TASK DIRECTIONS: Every line below is to be given again precisely; images are to be left out.

INPUT RECORDS:
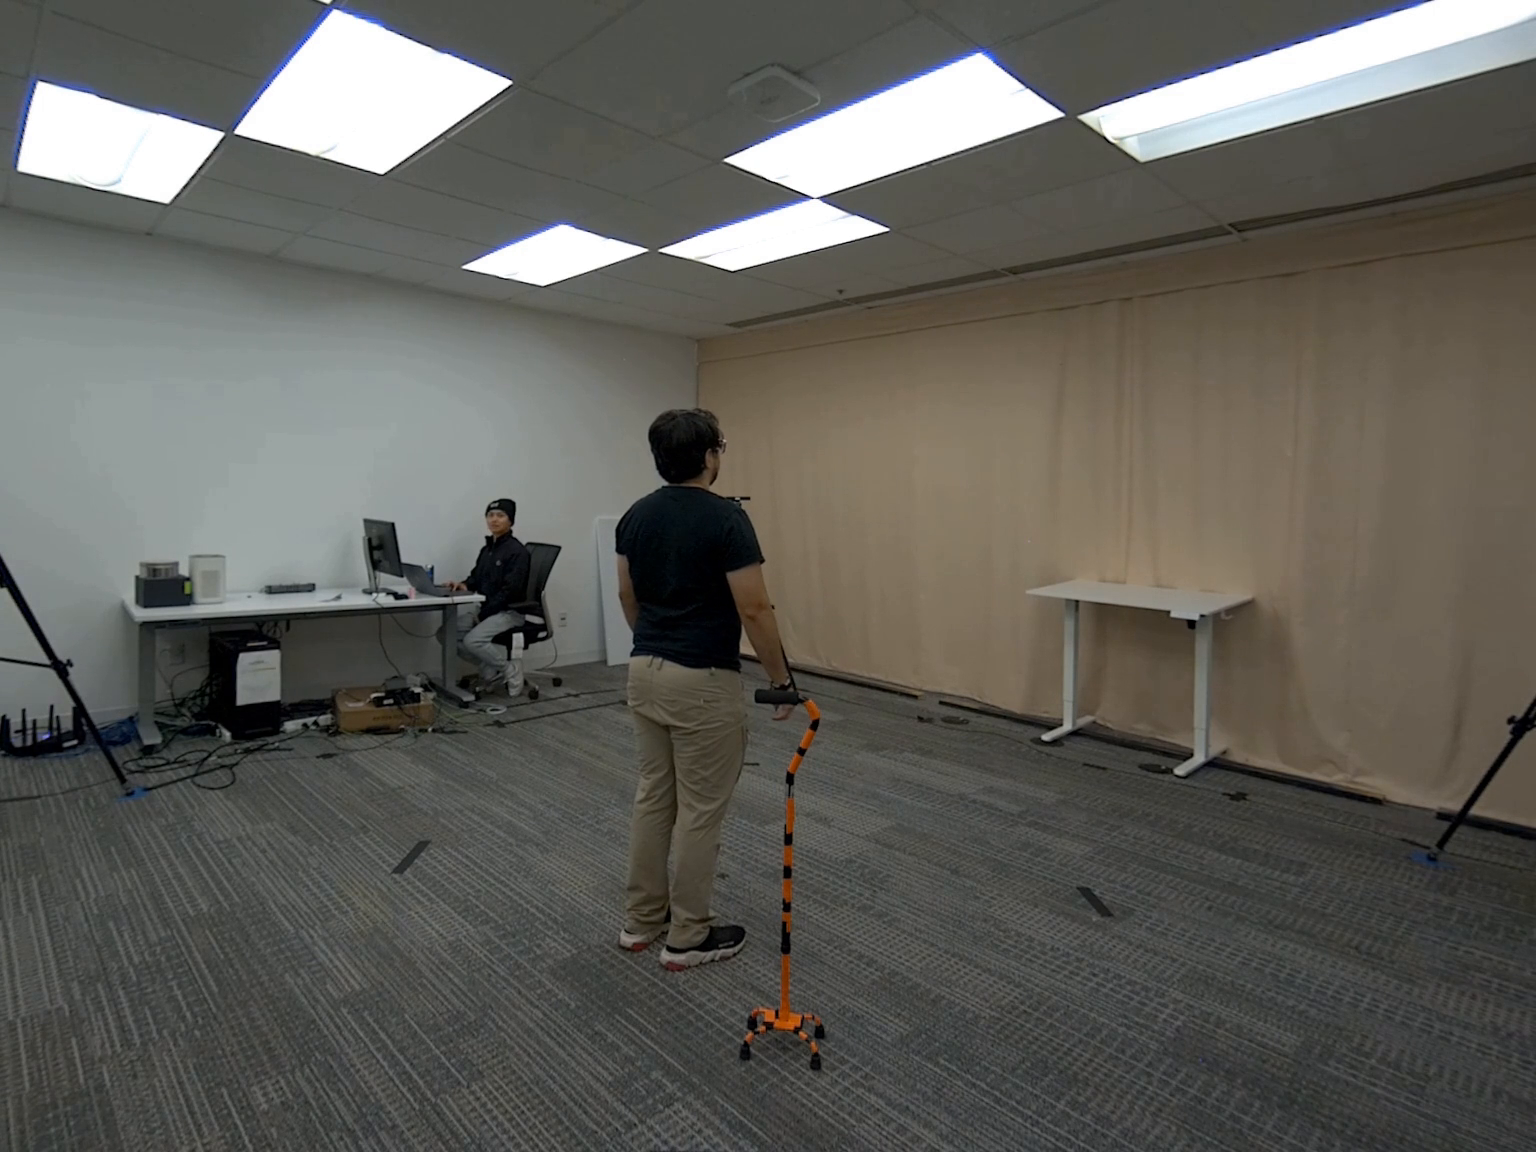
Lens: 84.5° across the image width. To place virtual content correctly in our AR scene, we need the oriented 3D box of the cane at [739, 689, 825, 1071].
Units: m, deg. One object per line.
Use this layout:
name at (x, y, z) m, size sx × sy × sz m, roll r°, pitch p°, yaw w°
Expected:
cane at (0.046, 0.755, 2.111) m, size 0.208 × 0.905 × 0.151 m, roll 2°, pitch 4°, yaw 8°

ANSWER TO THIS TASK:
Lens: 84.5° across the image width. To place virtual content correctly in our AR scene, we need the oriented 3D box of the cane at [739, 689, 825, 1071].
Units: m, deg. One object per line.
Use this layout:
name at (x, y, z) m, size sx × sy × sz m, roll r°, pitch p°, yaw w°
Expected:
cane at (0.046, 0.755, 2.111) m, size 0.208 × 0.905 × 0.151 m, roll 2°, pitch 4°, yaw 8°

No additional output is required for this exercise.